In this study, the conference room air was well mixed, which helped transport aerosols
to the air cleaners. In rooms with poor air mixing and potential stagnation zones,
air cleaners might be less effective. Airflow patterns in real-world settings such
as classrooms will vary among buildings and rooms, and rooms of different dimensions
and with different ventilation rates will also have different airflow patterns. Second,
the aerosol source manikin in this study was kept in one fixed location. In reality,
potentially infectious occupants could be anywhere in the room and might move around
the room occasionally. Third, this study only used one source manikin and three receiver
manikins; additional sources and receivers could change the dynamics of aerosol dispersion
within a room. Fourth, the study was limited to aerosol particles of 0.3 μm to 3 μm
in size, which are small enough to remain airborne for an extended time but large
enough to carry pathogens. However, particles outside this size range would behave
differently. Finally, the study only assessed aerosol exposure; it did not directly
examine disease transmission. Although the study provides useful information about
the dynamics of respiratory aerosol particles and the effects of HEPA air cleaners
and universal masking, many other factors are also important for disease transmission,
including the amount of virus in the particles, how long the virus survives in air,
and the vaccination status of the room occupants.
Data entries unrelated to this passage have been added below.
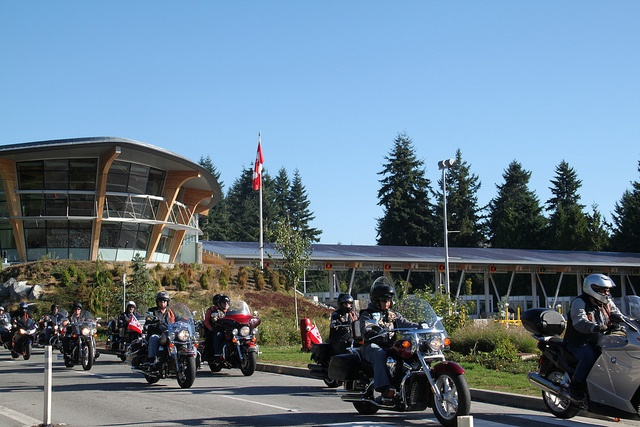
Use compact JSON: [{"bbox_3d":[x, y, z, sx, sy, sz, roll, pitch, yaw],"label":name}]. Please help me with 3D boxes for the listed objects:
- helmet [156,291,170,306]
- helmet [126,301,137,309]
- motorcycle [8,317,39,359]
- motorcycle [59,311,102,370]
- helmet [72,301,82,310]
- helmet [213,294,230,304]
[{"bbox_3d":[-5.509,2.924,25.918,0.342,0.431,0.478,0,-10,-6],"label":"helmet"},{"bbox_3d":[-7.903,3.688,30.862,0.299,0.342,0.401,2,-15,-15],"label":"helmet"},{"bbox_3d":[-14.029,5.830,35.091,0.998,1.946,1.573,4,-10,-26],"label":"motorcycle"},{"bbox_3d":[-9.733,5.054,30.180,1.558,2.469,0.845,-7,-11,38],"label":"motorcycle"},{"bbox_3d":[-10.112,3.784,30.894,0.244,0.327,0.338,8,-33,-27],"label":"helmet"},{"bbox_3d":[-3.777,3.216,28.390,0.447,0.471,0.391,-3,-5,20],"label":"helmet"}]
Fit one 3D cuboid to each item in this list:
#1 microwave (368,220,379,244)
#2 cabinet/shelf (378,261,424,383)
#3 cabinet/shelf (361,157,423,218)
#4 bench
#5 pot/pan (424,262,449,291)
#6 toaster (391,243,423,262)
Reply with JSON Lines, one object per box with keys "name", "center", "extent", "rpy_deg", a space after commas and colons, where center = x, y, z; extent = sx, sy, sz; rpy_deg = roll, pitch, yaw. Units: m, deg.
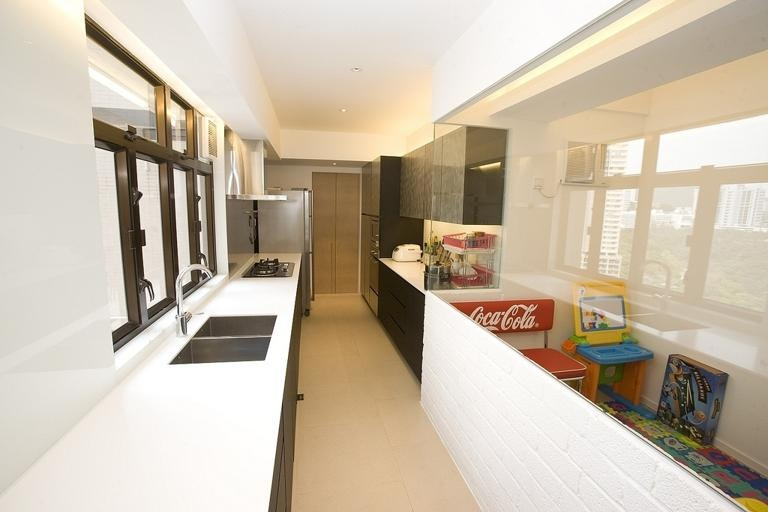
{"name": "microwave", "center": [-0.124, -0.300, 5.784], "extent": [0.164, 0.300, 0.315], "rpy_deg": [0, 4, -4]}
{"name": "cabinet/shelf", "center": [0.156, 0.609, 4.345], "extent": [0.278, 0.336, 0.942], "rpy_deg": [3, 9, -8]}
{"name": "cabinet/shelf", "center": [0.106, -0.767, 5.353], "extent": [0.286, 0.744, 0.875], "rpy_deg": [0, 6, -8]}
{"name": "bench", "center": [0.591, 0.456, 2.204], "extent": [0.626, 0.409, 0.375], "rpy_deg": [2, 11, -23]}
{"name": "pot/pan", "center": [0.372, 0.148, 3.346], "extent": [0.172, 0.175, 0.170], "rpy_deg": [2, 3, -3]}
{"name": "toaster", "center": [0.267, -0.043, 5.300], "extent": [0.221, 0.134, 0.218], "rpy_deg": [1, 3, -8]}
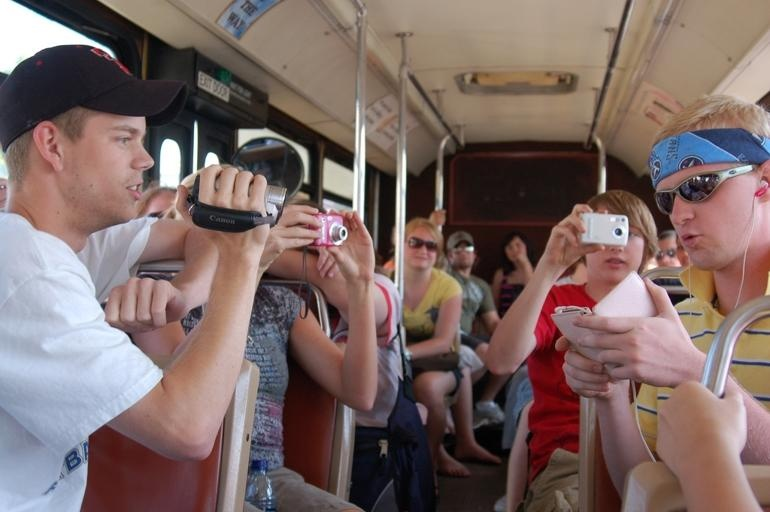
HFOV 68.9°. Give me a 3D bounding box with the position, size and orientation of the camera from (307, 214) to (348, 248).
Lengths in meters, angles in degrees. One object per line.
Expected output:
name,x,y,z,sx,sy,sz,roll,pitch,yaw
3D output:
camera,-0.227,-0.102,2.225,0.096,0.121,0.173,-3,-4,32

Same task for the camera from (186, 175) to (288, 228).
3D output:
camera,-0.443,-0.136,1.678,0.235,0.087,0.170,6,38,-2

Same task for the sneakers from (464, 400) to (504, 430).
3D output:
sneakers,0.932,1.469,5.183,0.167,0.202,0.488,7,-15,-40
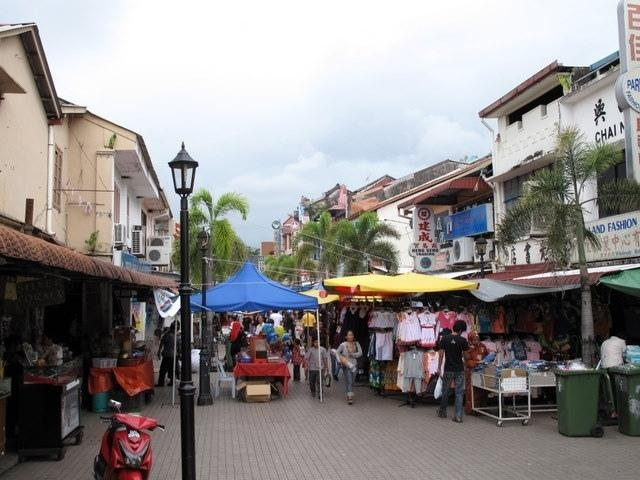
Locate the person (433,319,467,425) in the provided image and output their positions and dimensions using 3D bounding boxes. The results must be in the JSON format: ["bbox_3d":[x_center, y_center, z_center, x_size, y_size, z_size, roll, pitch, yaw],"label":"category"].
[{"bbox_3d":[3.130,3.167,14.283,0.658,2.207,0.863,0,-2,-5],"label":"person"}]

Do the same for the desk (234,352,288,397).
[{"bbox_3d":[-1.630,3.878,17.343,1.304,1.148,1.331,2,-3,-7],"label":"desk"}]

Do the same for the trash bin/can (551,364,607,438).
[{"bbox_3d":[5.474,3.360,12.786,0.793,1.369,0.980,-1,0,1],"label":"trash bin/can"}]

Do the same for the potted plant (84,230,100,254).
[{"bbox_3d":[-7.569,0.097,19.634,0.513,0.931,0.544,2,-1,-8],"label":"potted plant"}]

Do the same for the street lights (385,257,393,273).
[{"bbox_3d":[4.332,1.544,37.334,0.192,0.785,0.763,-9,10,-30],"label":"street lights"}]

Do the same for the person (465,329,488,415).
[{"bbox_3d":[3.770,3.193,14.824,0.491,2.038,0.714,-1,3,-5],"label":"person"}]

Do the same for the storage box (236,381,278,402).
[{"bbox_3d":[-1.850,4.302,17.251,0.783,0.420,0.649,0,-4,-3],"label":"storage box"}]

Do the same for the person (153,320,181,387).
[{"bbox_3d":[-4.867,3.686,19.308,1.039,2.830,1.047,0,0,-17],"label":"person"}]

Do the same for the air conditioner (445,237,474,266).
[{"bbox_3d":[6.264,0.917,26.966,0.835,1.590,1.741,3,-7,-9],"label":"air conditioner"}]

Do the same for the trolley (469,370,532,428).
[{"bbox_3d":[4.348,3.716,14.461,1.416,1.249,2.198,-3,-12,7],"label":"trolley"}]

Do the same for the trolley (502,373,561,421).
[{"bbox_3d":[4.955,3.689,14.200,1.106,0.888,0.695,1,-11,-6],"label":"trolley"}]
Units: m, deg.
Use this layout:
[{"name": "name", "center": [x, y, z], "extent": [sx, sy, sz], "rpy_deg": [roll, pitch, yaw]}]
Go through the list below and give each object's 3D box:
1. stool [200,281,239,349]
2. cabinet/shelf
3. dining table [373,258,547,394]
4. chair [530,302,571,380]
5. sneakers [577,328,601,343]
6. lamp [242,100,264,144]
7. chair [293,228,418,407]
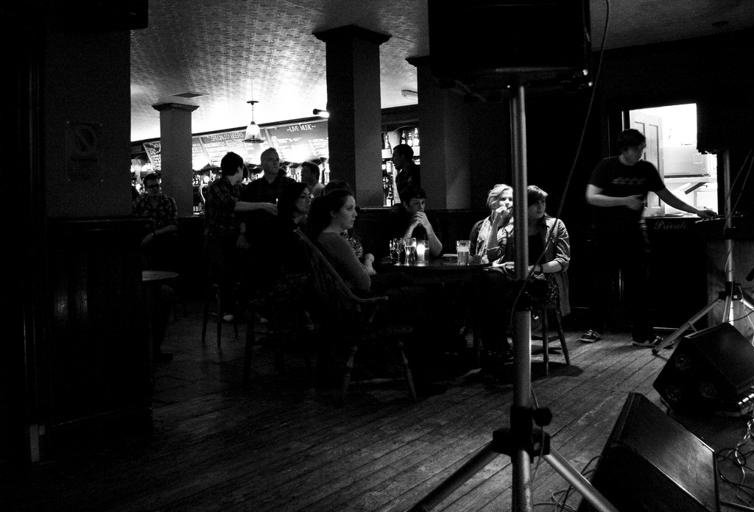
[{"name": "stool", "center": [-1.642, 0.617, 6.298], "extent": [0.429, 0.545, 0.410], "rpy_deg": [-2, 3, 2]}, {"name": "cabinet/shelf", "center": [-1.774, 0.464, 3.751], "extent": [0.772, 1.382, 0.325], "rpy_deg": [-7, 10, -34]}, {"name": "dining table", "center": [0.544, 0.569, 5.083], "extent": [1.059, 0.663, 1.070], "rpy_deg": [1, -4, -5]}, {"name": "chair", "center": [1.370, 0.654, 5.074], "extent": [0.395, 0.473, 0.378], "rpy_deg": [2, -5, -27]}, {"name": "sneakers", "center": [2.148, 0.813, 6.140], "extent": [0.281, 0.104, 0.100], "rpy_deg": [10, -12, -42]}, {"name": "lamp", "center": [-2.295, -2.489, 11.276], "extent": [0.611, 0.705, 0.589], "rpy_deg": [0, 11, -9]}, {"name": "chair", "center": [-0.251, 0.396, 4.480], "extent": [0.700, 1.225, 0.956], "rpy_deg": [-5, 9, -24]}]
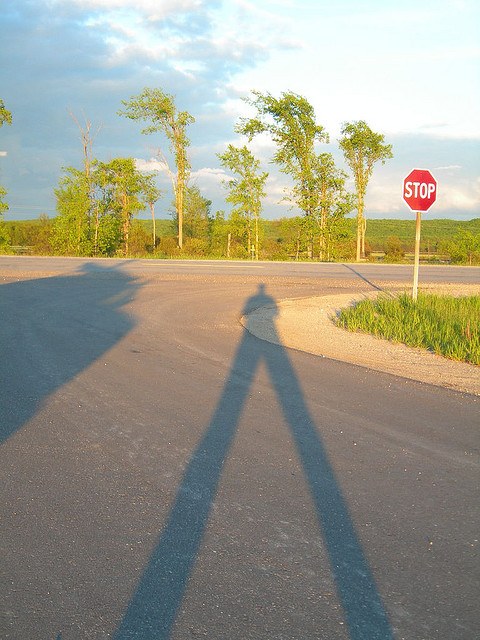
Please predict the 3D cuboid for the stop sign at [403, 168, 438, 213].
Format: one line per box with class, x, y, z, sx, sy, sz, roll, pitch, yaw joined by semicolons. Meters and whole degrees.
stop sign;3.971;-2.830;11.136;0.777;0.915;0.276;0;7;-13
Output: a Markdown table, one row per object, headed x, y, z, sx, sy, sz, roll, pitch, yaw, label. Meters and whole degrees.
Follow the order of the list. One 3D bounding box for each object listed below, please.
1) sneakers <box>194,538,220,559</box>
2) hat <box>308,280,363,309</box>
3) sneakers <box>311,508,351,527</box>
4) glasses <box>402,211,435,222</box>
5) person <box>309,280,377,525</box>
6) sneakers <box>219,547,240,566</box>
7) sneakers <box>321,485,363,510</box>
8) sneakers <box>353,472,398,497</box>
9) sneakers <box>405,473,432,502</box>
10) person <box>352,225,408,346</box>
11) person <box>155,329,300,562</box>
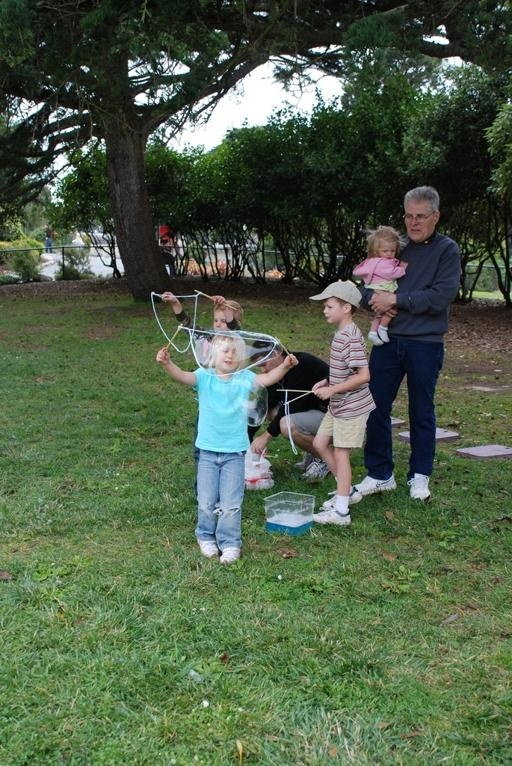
| x | y | z | sx | sy | sz | roll | pitch | yaw | label |
| --- | --- | --- | --- | --- | --- | --- | --- | --- | --- |
| -0.240 | 0.818 | 3.562 | 0.070 | 0.070 | 0.178 | 2 | -8 | -18 | sneakers |
| 0.450 | -0.484 | 4.014 | 0.245 | 0.111 | 0.151 | 7 | 4 | -2 | hat |
| 0.410 | 0.741 | 4.003 | 0.226 | 0.088 | 0.078 | 3 | -5 | 3 | sneakers |
| 0.908 | -0.925 | 4.058 | 0.121 | 0.054 | 0.055 | 4 | 16 | 22 | glasses |
| 0.483 | 0.103 | 4.048 | 0.358 | 1.305 | 0.622 | 0 | 15 | 7 | person |
| -0.129 | 0.834 | 3.470 | 0.098 | 0.059 | 0.165 | -2 | 14 | -2 | sneakers |
| 0.475 | 0.670 | 4.225 | 0.283 | 0.114 | 0.101 | -7 | -3 | -40 | sneakers |
| 0.734 | 0.636 | 4.444 | 0.293 | 0.116 | 0.102 | -1 | -4 | -15 | sneakers |
| 0.962 | 0.622 | 4.294 | 0.159 | 0.135 | 0.365 | -2 | -4 | 10 | sneakers |
| 0.771 | -0.579 | 4.369 | 0.326 | 0.674 | 0.333 | -1 | 3 | 41 | person |
| -0.196 | 0.301 | 3.614 | 0.450 | 1.038 | 0.503 | 8 | 18 | 33 | person |
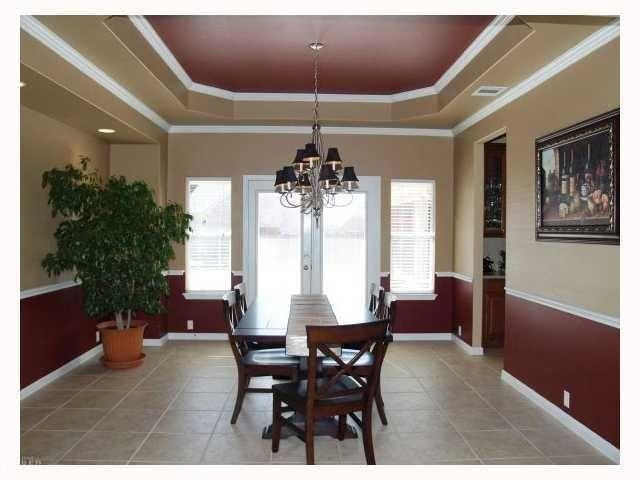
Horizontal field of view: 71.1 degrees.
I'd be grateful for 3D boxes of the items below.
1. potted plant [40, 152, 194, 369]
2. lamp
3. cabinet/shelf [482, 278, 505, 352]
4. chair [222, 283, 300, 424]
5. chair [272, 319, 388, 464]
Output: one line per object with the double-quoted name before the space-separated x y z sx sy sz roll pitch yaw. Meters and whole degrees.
"potted plant" -2.350 0.285 5.146 1.409 2.380 0.713 -3 7 -30
"lamp" -0.039 -1.042 4.280 0.770 1.624 0.801 0 3 -3
"cabinet/shelf" 2.231 0.946 5.787 0.310 0.958 0.088 0 6 -8
"chair" -0.520 0.944 4.425 0.952 1.569 0.955 -1 5 -5
"chair" 0.075 1.127 3.379 0.658 1.117 0.739 2 1 -29
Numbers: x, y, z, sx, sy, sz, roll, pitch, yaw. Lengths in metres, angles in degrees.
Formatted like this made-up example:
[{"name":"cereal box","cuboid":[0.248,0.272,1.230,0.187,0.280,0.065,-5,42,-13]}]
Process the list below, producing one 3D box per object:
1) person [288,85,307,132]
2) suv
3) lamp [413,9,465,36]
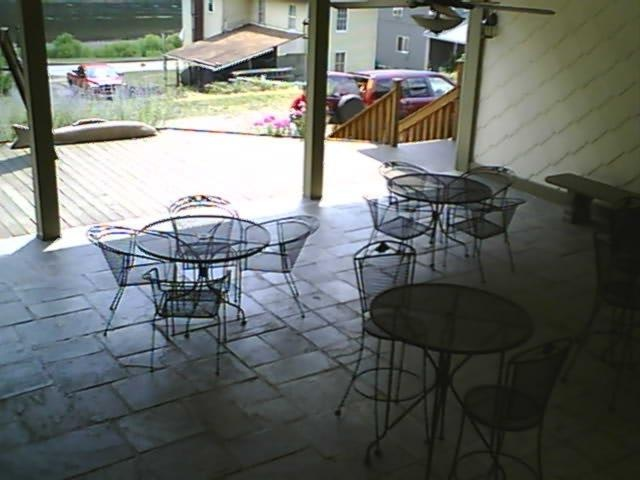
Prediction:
[{"name":"person","cuboid":[-0.453,-2.515,10.356,0.286,0.962,0.367,-1,28,-3]},{"name":"suv","cuboid":[1.152,-3.172,11.336,3.176,0.865,1.411,-18,22,-8]},{"name":"lamp","cuboid":[0.969,-1.805,4.375,0.311,0.119,0.271,7,7,-9]}]
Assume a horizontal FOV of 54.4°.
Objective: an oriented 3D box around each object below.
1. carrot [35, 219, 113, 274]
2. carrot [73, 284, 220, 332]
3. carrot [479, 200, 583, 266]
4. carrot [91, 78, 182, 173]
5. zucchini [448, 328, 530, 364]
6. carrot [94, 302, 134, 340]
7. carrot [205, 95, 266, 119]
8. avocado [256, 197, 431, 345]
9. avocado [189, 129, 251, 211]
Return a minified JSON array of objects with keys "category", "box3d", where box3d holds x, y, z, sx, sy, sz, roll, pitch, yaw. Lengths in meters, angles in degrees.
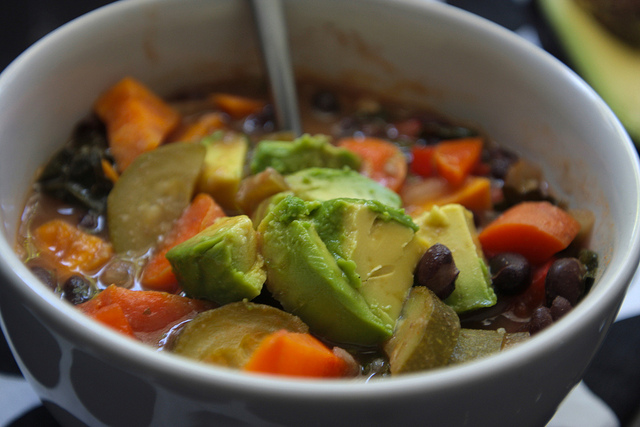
[{"category":"carrot","box3d":[-0.486,0.062,1.220,0.109,0.032,0.111,-2,77,-11]},{"category":"carrot","box3d":[-0.313,0.177,1.151,0.086,0.304,0.077,10,83,37]},{"category":"carrot","box3d":[0.435,0.035,1.281,0.214,0.115,0.115,2,39,47]},{"category":"carrot","box3d":[-0.409,-0.214,1.426,0.171,0.181,0.336,-7,30,-4]},{"category":"zucchini","box3d":[0.272,0.220,1.025,0.077,0.036,0.094,-12,12,0]},{"category":"carrot","box3d":[-0.351,0.182,1.090,0.051,0.090,0.070,5,79,19]},{"category":"carrot","box3d":[-0.206,-0.260,1.502,0.117,0.062,0.040,4,10,-10]},{"category":"avocado","box3d":[0.039,0.083,1.105,0.260,0.112,0.269,0,65,-17]},{"category":"avocado","box3d":[-0.214,-0.115,1.366,0.118,0.141,0.211,-13,25,-7]}]
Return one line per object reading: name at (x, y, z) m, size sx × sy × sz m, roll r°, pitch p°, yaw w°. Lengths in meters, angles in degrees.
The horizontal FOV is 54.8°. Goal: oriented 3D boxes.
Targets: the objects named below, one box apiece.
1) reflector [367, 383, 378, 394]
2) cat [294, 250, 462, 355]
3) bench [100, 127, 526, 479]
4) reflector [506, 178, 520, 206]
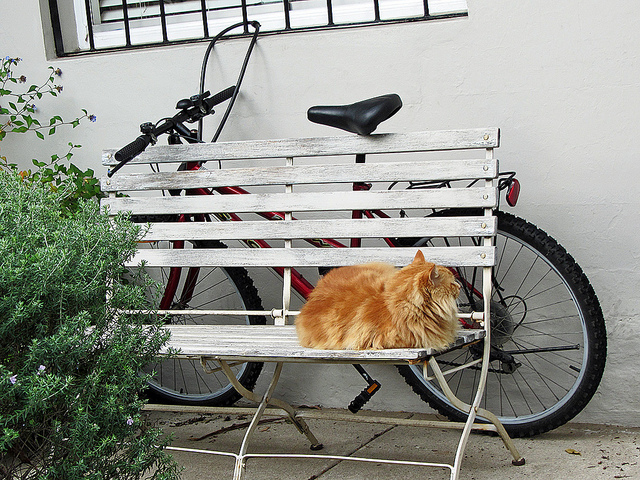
reflector at (0.219, 0.616, 2.558) m, size 0.035 × 0.039 × 0.019 m, roll 2°, pitch 2°, yaw 5°
cat at (0.219, 0.144, 2.225) m, size 0.652 × 0.375 × 0.454 m, roll -2°, pitch 5°, yaw 7°
bench at (0.027, 0.260, 2.541) m, size 1.583 × 1.066 × 0.723 m, roll 1°, pitch 3°, yaw 11°
reflector at (0.838, -0.199, 2.640) m, size 0.031 × 0.115 × 0.064 m, roll 18°, pitch -10°, yaw -25°
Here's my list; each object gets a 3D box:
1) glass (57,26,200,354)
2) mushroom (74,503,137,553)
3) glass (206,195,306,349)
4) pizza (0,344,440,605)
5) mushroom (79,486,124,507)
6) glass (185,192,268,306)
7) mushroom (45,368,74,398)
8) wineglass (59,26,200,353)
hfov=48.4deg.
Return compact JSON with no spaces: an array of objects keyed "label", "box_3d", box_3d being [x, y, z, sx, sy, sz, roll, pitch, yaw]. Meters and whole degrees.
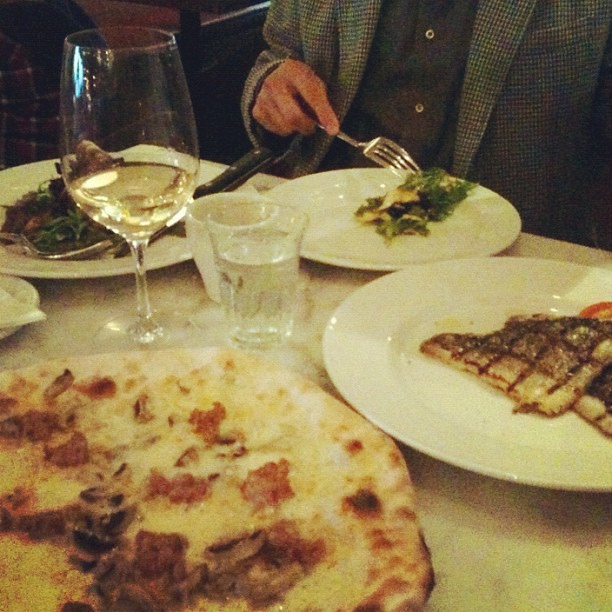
[{"label":"glass","box_3d":[-0.278,-0.158,1.016,0.225,0.479,0.192,-17,33,-34]},{"label":"mushroom","box_3d":[-0.210,0.233,0.709,0.064,0.019,0.047,-4,34,-8]},{"label":"glass","box_3d":[-0.069,-0.048,1.070,0.163,0.230,0.138,-19,30,-30]},{"label":"pizza","box_3d":[-0.115,0.177,0.773,0.444,0.078,0.408,-6,33,-11]},{"label":"mushroom","box_3d":[-0.222,0.206,0.734,0.028,0.006,0.024,6,22,16]},{"label":"glass","box_3d":[-0.130,-0.099,1.152,0.137,0.170,0.152,-16,27,-33]},{"label":"mushroom","box_3d":[-0.304,0.097,0.840,0.023,0.008,0.037,43,59,9]},{"label":"wineglass","box_3d":[-0.229,-0.158,1.018,0.225,0.481,0.191,-17,33,-34]}]
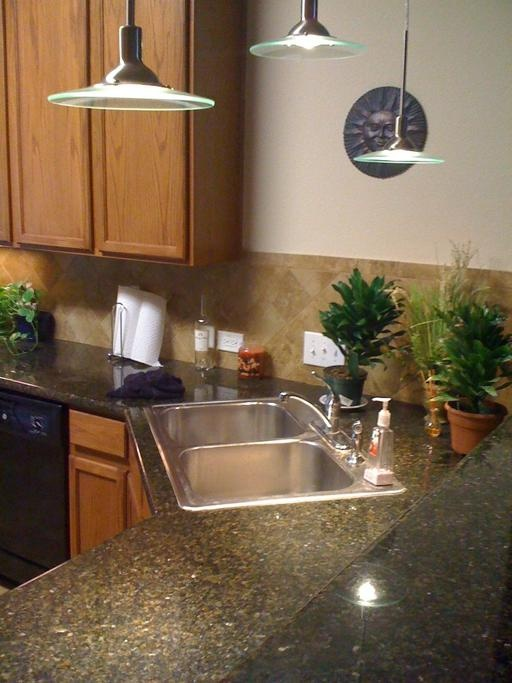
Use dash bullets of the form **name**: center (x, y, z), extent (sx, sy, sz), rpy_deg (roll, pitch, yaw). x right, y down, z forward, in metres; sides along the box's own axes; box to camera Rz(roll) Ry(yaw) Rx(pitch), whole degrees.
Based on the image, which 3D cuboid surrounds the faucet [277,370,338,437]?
- **faucet**: center (0.131, 0.169, 1.846), extent (0.057, 0.144, 0.383), rpy_deg (-6, 20, -16)

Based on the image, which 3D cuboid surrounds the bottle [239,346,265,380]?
- **bottle**: center (-0.020, 0.082, 2.318), extent (0.114, 0.115, 0.114), rpy_deg (-6, 10, -44)

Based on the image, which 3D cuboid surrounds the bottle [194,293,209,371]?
- **bottle**: center (-0.206, -0.036, 2.385), extent (0.057, 0.288, 0.131), rpy_deg (2, 12, -4)

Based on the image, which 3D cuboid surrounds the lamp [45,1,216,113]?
- **lamp**: center (-0.257, -0.584, 1.277), extent (0.294, 0.186, 0.292), rpy_deg (-8, 15, -42)

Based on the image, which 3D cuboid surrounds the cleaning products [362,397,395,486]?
- **cleaning products**: center (0.290, 0.213, 1.404), extent (0.072, 0.210, 0.149), rpy_deg (5, 12, 12)

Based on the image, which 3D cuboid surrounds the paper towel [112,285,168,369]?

Portable HEPA air cleaners offer a simple means to increase the filtration of aerosol
particles from a room without modifying the existing building ventilation system (
2
). The optimal location for HEPA air cleaners will depend upon the unique conditions
in each room, but they are likely to be most effective when they are placed as close
to the occupants as is practicable. Larger reductions in exposure occur when air cleaners
are used in combination with universal masking. These findings support the utility
of portable HEPA air cleaners and universal masking for reducing exposure to indoor
aerosols containing SARS-CoV-2. Efforts to reduce SARS-CoV-2 aerosol exposure could
help limit transmission of the virus and decrease incidences of COVID-19 illness and
death.
Summary
What is already known about this topic?
Ventilation systems can be supplemented with portable high efficiency particulate
air (HEPA) cleaners to reduce the number of airborne infectious particles.
What is added by this report?
A simulated infected meeting participant who was exhaling aerosols was placed in a
room with two simulated uninfected participants and a simulated uninfected speaker.
Using two HEPA air cleaners close to the aerosol source reduced the aerosol exposure
of the uninfected participants and speaker by up to 65%. A combination of HEPA air
cleaners and universal masking reduced exposure by up to 90%.
What are the implications for public health practice?
Portable HEPA air cleaners can reduce exposure to simulated SARS-CoV-2 aerosols in
indoor environments, especially when combined with universal masking.